Recruitment Karma

Recruitment Karma

Well if it isn't the consequences of your own actions...


Recruitment karma is real, and it's up to you if it's good karma or bad karma.


Your recruitment strategy should have the same level of attention as your marketing and sales strategies. Why? Because it's really funking important. Because even your entry level hires have an impact on your show/division/business. Because that impact adds up and affects overall performance. Because you're responsible for that performance. Because you will be judged on that performance. Because that judgement will come knocking every time you shoot for a promotion or apply for a job elsewhere.


Let's talk good karma.

Get a hire right, and that new team-member will positively impact the revenue/profit of your show(s), whether that's through easily measured impact like sales or marketing, or more indirect like a finance role that positively impacts your cashflow by improving how quickly your customers pay their invoices, giving you more flexibility to invest in other areas that will boost sales.
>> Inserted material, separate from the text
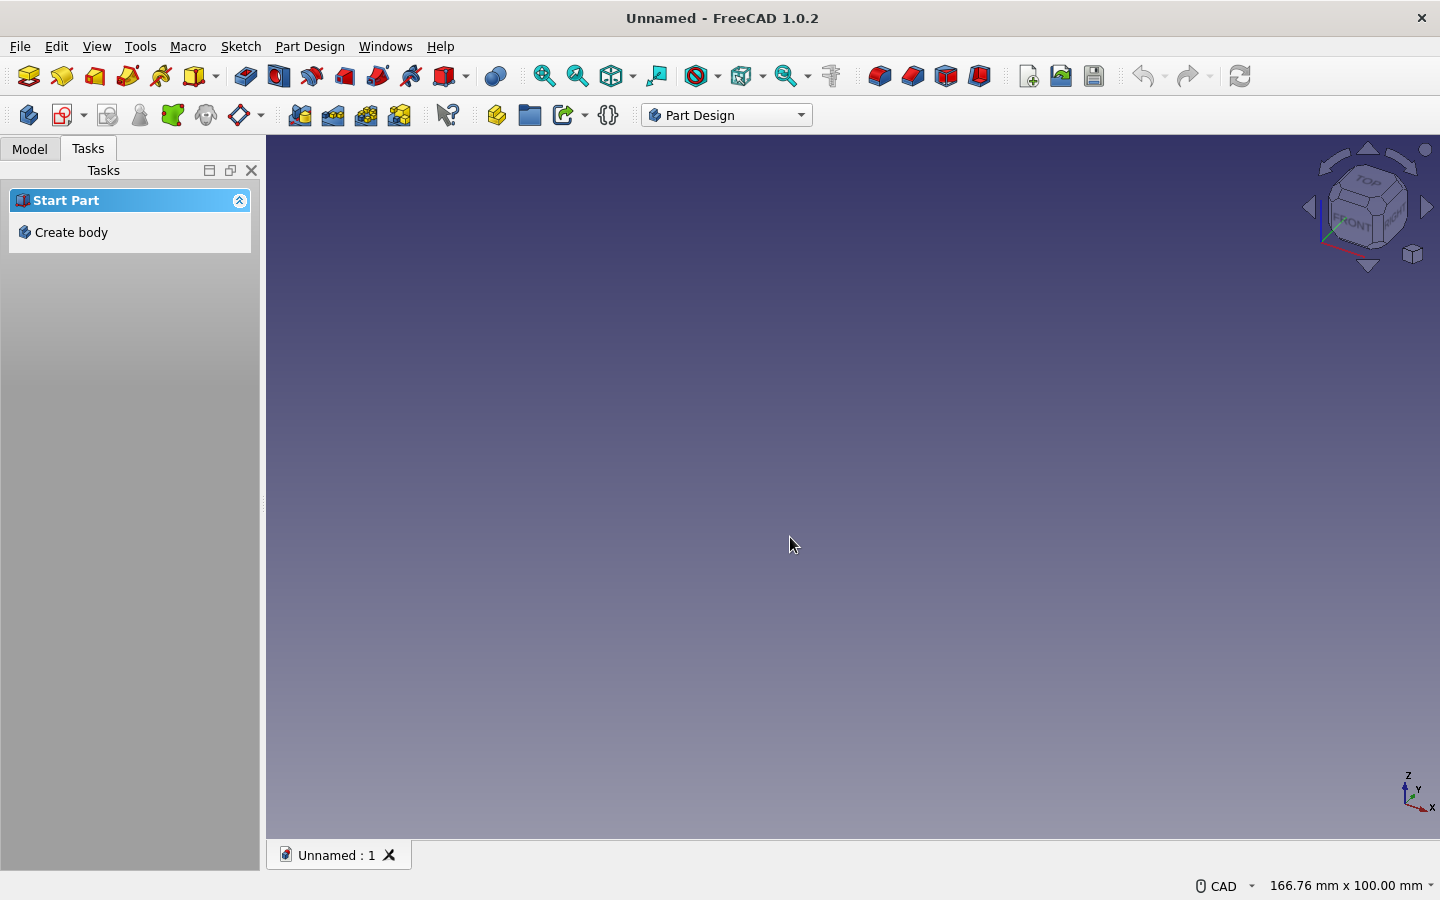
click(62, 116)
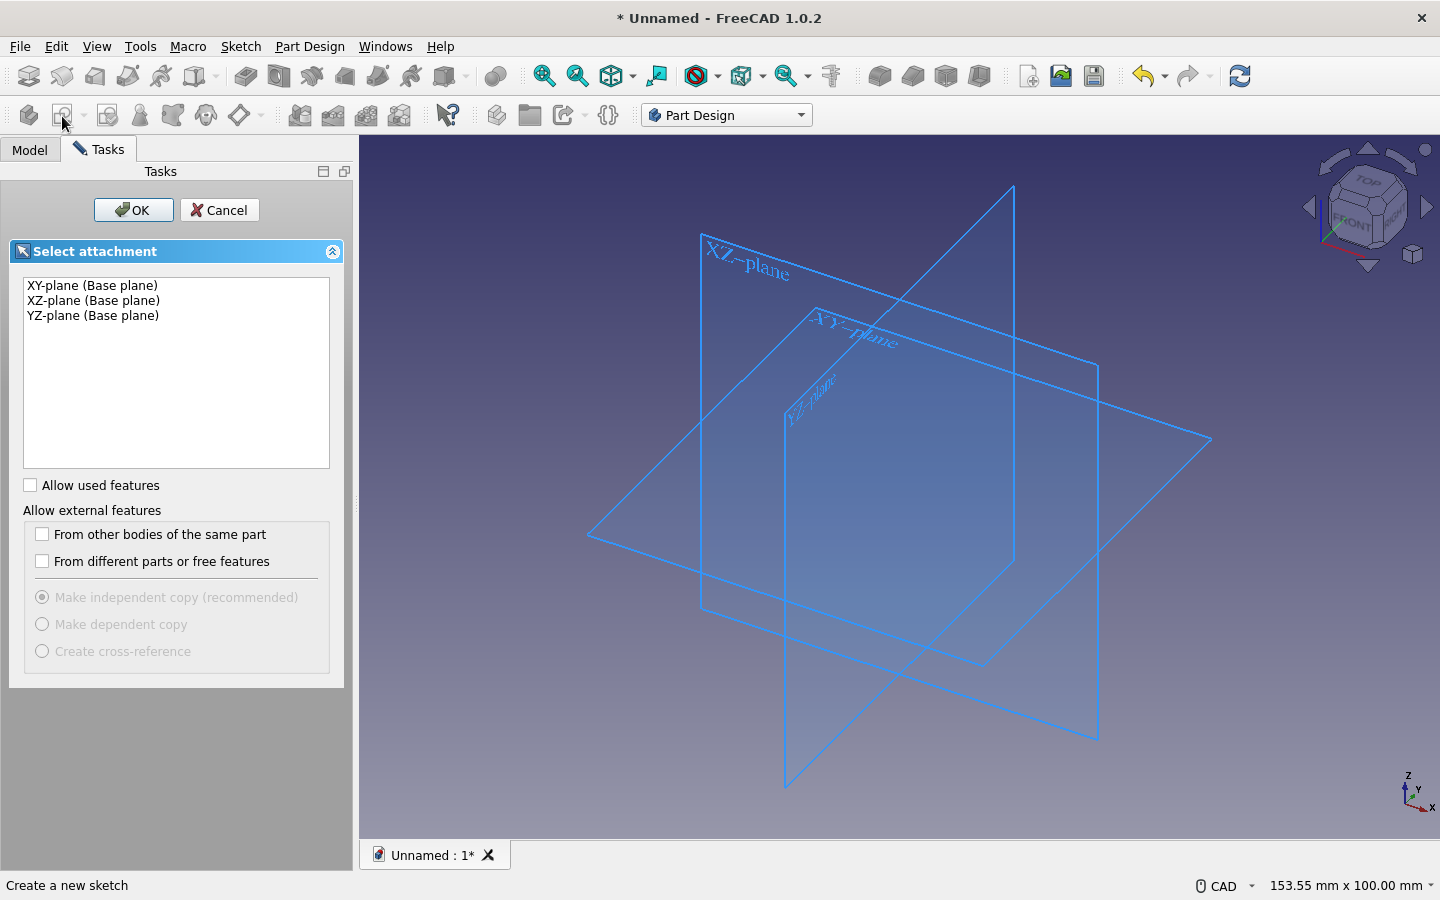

A good hire will also have a positive impact on the culture within your business, regardless of which department they are in. They will add their own ways of thinking, they will contribute to a positive working environment, they will be a strong advocate for working in your business.

I recently read (listened to the audiobook) Atomic Habits by James Clear and a very quick takeaway is that many 1% changes that increase your performance all add up to create huge improvements.

Now, I am in no way whatsoever encouraging the comparison of people to percentages, but if you consider every hire as a potential 1% or more increase to company performance, just imagine the difference in getting every single hire right, first time.


Now for the bad karma.

Just one bad hire can cause massive issues. Whether directly by poor performance, or indirectly by how they interact with the rest of the team. And when they do leave, those who remain will feel added uncertainty, and you'll be stuck doing another round of interviews and facing the cost of training and onboarding another new person.

Don't forget the reputational impact, too - there are two sides to every story after all, and while the truth may lie somewhere in the middle, your now-former employee may feel so strongly that they decide to share their negative experience. Get it wrong too many times and new candidates will be reluctant to even interview at your organisation.


That's enough doom and gloom. This article stemmed from a post I wrote about bums-on-seats not being a recruitment strategy. I still hear of companies in our industry deliberately hiring more people than they need, with a clear intention of firing those who don't perform as well.

This really does have to stop. Those bums on seats are attached to people, and those people are relying on their job to pay their bills and support their families.


Put people first. Or recruitment karma will catch up with you and bite you in the arse.